Hemos leído un artículo muy interesante sobre el verdadero significado de hacer periodismo y cada uno de nosotros ha elaborado un comentario crítico, en relación con él. Os adjuntamos aquí el enlace del artículo en cuestión, para que podáis echarle un vistazo si queréis:

http://www.infolibre.es/noticias/opinion/2015/10/28/periodismo_publicar_que_alguien_quiere_que_publiques_39941_1023.html

Para que os resulte más sencillo, os dejamos un listado en el que solo tenéis que hacer click sobre nuestro nombre para acceder a nuestro comentario personal.

¡Esperamos vuestros comentarios!

En búsqueda de Roma, por Adrián De Matos

Decir que el periodismo tiene más frentes abiertos que un capítulo de “Perdidos” no es ninguna exageración. Que el título de la serie le va que ni pintado, tampoco. Que si cuarto poder, que si prostíbulo de información, que si amante de unos o ex pareja rencorosa de otros… Ya solo nos falta el humo negro –que no humo a secas, que de ese sí que hay-. Me encanta “Perdidos”, por cierto.

Corren tiempos extraños para el periodismo. Uno no sabe cómo definir su papel, ni qué es exactamente ahora mismo; ni siquiera si la importancia que se le otorga, para bien o para mal, no es hoy más que un affair entre el narcicismo de sus trabajadores y los ventrílocuos que los han contratado como asesores de imagen. O que ni los han contratado, que no sé si es mejor o peor. La cuestión es que le falta una identidad, ¿no?

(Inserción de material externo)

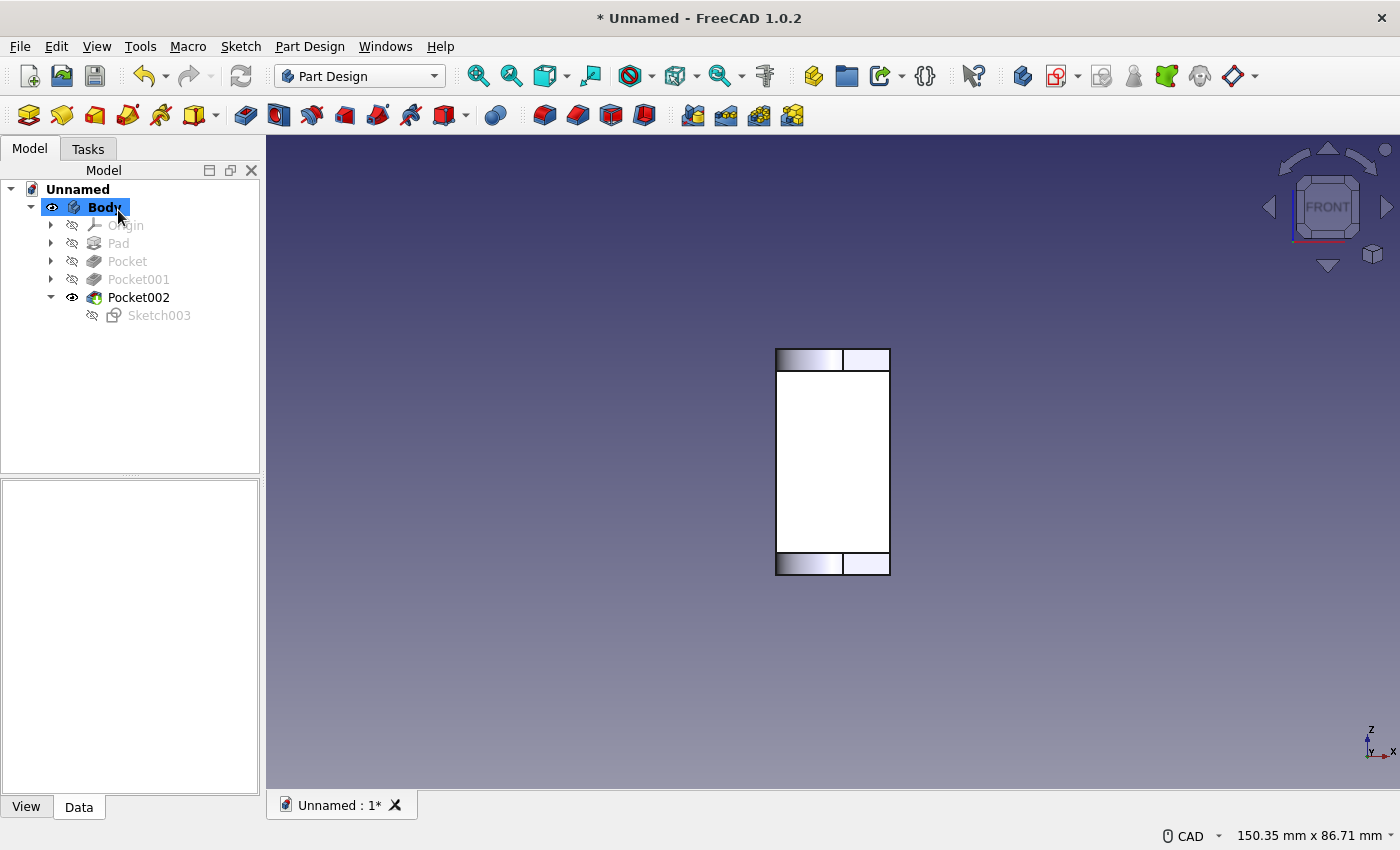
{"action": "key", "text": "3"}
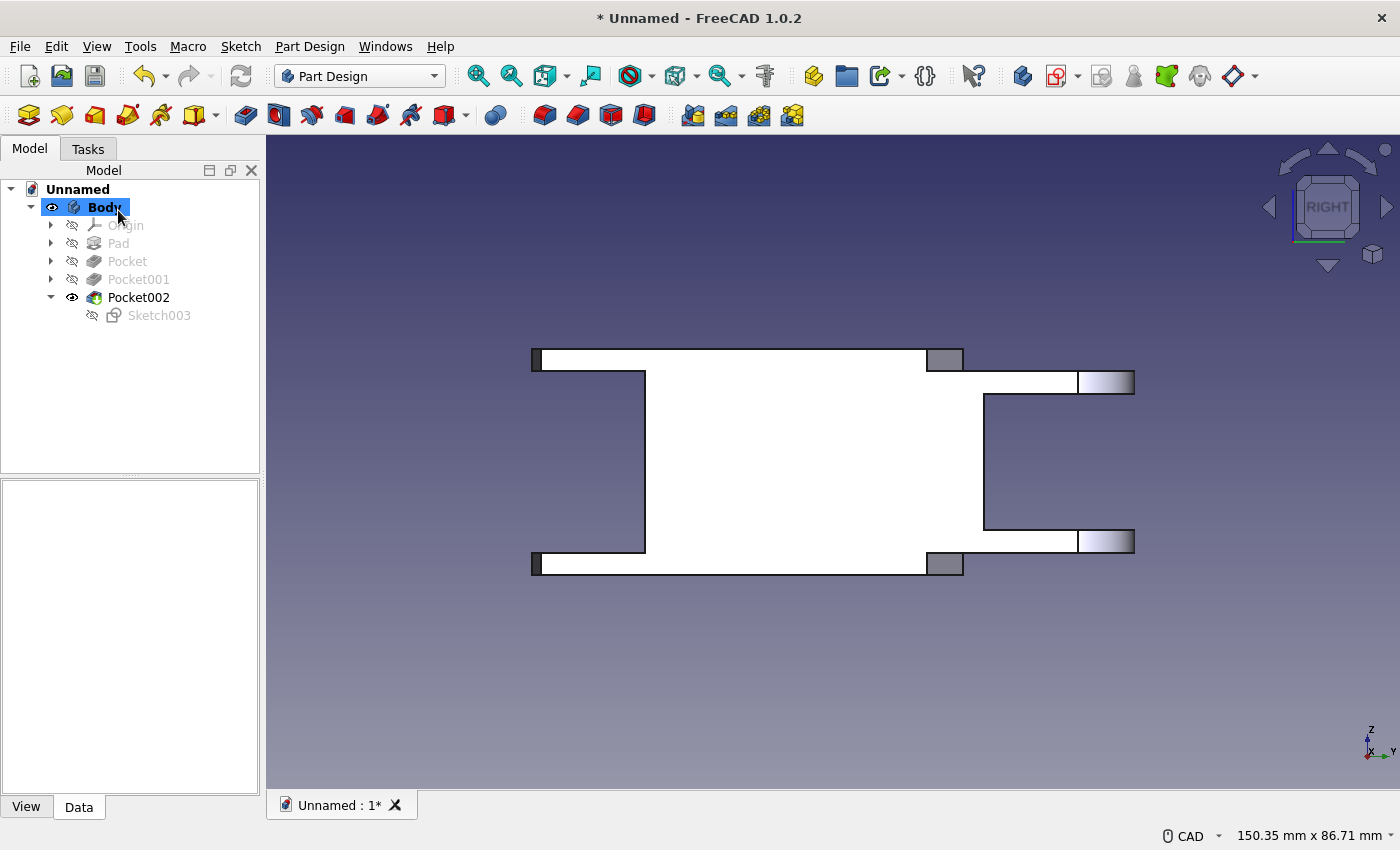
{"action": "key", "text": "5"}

¿Qué entender por identidad? Aclarar, para empezar, que no se trata de ir todos a una y dibujar la solución en una línea recta que nos lleve desde el punto A al punto B. No, no se trata eso. En el periodismo, como en todo, debe haber curvas. Que la vida con solo líneas rectas sería muy aburrida, hombre. Tienen que existir las curvas, los desvíos; uno debe de poder salirse de la trazada, arañarse la piel y decidir si le compensa volver. No fiarse de la ortodoxia. Eso no es malo. No es un impedimento para alcanzar la identidad colectiva. Todo lo contrario: es un flujo de información que se retroalimenta porque llega a mil sitios distintos desde mil sitios distintos. ¿Se me entiende? ¿No? Bueno, utilicemos un símil futbolístico –también me encanta el fútbol-: el Barça de Pep Guardiola.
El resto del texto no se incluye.